Two different models were used for comparison. **KeyBert** performs better, as expected. This is because the similarity to the article is used to define the keywords. In addition, several are formed and the most dissimilar ones are used. Thus, the variety of keywords is very good and they cover all relevant aspects of the text. The model has found **2409** of the total 2793 excellent German Wikipedia articles in the training. This corresponds to an accuracy of **86.25%**. To get a better accuracy, more keywords could be generated and included in the search. The preprocessing of the text seems to be sufficient due to the good keywords.

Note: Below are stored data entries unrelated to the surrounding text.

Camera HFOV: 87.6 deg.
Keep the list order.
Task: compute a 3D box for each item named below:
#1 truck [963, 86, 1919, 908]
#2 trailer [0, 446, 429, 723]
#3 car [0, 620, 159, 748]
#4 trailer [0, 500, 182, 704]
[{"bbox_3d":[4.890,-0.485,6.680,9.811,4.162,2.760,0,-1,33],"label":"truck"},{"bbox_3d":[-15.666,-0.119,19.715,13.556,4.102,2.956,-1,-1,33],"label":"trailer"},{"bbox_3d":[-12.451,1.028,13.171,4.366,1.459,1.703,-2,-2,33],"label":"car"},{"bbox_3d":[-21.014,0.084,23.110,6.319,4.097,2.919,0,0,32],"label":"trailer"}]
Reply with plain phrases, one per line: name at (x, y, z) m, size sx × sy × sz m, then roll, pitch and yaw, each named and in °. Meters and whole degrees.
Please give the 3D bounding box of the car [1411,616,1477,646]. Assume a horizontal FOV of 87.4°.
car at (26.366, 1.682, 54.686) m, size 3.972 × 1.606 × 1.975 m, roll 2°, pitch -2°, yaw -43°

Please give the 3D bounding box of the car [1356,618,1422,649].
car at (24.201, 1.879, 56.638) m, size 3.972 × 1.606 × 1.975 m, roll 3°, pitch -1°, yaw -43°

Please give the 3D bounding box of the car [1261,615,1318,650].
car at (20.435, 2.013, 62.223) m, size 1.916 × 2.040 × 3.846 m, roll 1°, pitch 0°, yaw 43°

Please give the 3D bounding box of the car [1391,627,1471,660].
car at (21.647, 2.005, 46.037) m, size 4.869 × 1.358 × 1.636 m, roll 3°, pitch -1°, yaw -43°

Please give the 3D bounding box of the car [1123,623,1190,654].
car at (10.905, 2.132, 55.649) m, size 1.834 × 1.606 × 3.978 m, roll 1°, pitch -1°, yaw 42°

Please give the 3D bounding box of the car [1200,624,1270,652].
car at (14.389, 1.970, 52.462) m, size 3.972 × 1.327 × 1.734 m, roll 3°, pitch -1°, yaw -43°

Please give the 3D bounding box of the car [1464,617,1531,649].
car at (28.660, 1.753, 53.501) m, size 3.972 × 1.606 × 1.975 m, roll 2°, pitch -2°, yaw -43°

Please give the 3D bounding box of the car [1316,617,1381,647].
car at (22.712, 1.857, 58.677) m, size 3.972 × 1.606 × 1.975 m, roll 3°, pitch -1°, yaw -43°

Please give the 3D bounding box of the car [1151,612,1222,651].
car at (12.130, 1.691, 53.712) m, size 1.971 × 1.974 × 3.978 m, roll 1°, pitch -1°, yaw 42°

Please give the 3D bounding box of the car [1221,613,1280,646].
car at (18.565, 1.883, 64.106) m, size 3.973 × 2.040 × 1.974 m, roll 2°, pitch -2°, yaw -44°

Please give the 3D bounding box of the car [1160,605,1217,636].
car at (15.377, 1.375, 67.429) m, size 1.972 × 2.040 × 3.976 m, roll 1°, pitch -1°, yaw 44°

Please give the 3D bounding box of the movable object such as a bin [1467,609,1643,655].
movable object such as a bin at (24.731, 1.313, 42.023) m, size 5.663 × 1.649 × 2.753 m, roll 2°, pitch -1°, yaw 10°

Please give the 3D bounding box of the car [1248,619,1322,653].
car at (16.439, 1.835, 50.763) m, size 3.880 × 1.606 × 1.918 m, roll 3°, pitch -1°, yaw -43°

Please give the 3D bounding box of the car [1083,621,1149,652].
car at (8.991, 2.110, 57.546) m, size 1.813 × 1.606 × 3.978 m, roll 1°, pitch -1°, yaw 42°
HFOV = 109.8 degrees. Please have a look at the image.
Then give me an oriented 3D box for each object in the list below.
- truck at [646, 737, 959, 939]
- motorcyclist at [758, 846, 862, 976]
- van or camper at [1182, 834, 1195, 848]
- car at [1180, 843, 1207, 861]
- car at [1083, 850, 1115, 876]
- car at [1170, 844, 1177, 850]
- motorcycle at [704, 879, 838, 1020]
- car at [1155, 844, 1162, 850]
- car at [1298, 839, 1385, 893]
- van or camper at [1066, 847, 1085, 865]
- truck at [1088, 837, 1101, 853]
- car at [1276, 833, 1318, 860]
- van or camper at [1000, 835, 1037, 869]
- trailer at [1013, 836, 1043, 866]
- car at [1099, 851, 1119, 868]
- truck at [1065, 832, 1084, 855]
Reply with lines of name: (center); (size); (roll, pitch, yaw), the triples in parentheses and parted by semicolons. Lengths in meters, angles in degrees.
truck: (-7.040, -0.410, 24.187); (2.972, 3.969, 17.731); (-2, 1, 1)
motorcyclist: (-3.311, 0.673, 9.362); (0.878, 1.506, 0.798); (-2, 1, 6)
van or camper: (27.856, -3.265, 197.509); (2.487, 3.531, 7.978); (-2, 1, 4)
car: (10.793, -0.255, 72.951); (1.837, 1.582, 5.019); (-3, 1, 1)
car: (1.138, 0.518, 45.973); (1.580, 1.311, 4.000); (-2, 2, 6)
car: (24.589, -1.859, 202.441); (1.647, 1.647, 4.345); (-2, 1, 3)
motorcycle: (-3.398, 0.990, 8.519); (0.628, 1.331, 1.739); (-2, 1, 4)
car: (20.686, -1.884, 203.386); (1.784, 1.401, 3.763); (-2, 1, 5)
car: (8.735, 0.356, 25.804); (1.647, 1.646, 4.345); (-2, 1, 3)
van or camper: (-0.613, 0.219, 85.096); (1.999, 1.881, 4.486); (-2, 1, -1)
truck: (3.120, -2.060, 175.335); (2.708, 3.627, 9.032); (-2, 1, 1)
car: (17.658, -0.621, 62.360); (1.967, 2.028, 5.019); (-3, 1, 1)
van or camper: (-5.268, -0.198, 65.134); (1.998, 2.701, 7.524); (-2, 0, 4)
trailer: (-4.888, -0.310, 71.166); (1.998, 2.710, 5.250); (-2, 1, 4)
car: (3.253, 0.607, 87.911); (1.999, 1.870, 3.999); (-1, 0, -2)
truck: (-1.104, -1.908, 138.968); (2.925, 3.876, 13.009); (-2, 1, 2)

The **Yake** model still performs well, but slightly worse. It uses features in the text to create the keywords. The fact that the model performs worse may also be due to the preprocessing of the articles. In contrast to the KeyBert model, the model only correctly found **2048** articles out of 2793 based on the identified keywords. This means that 361 fewer excellent articles were found in comparison. Thus, the accuracy for the Yake model is only **73.33%**. Nevertheless, the result is good and shows that the model works. However, better keyword identification is achieved with the KeyBert model.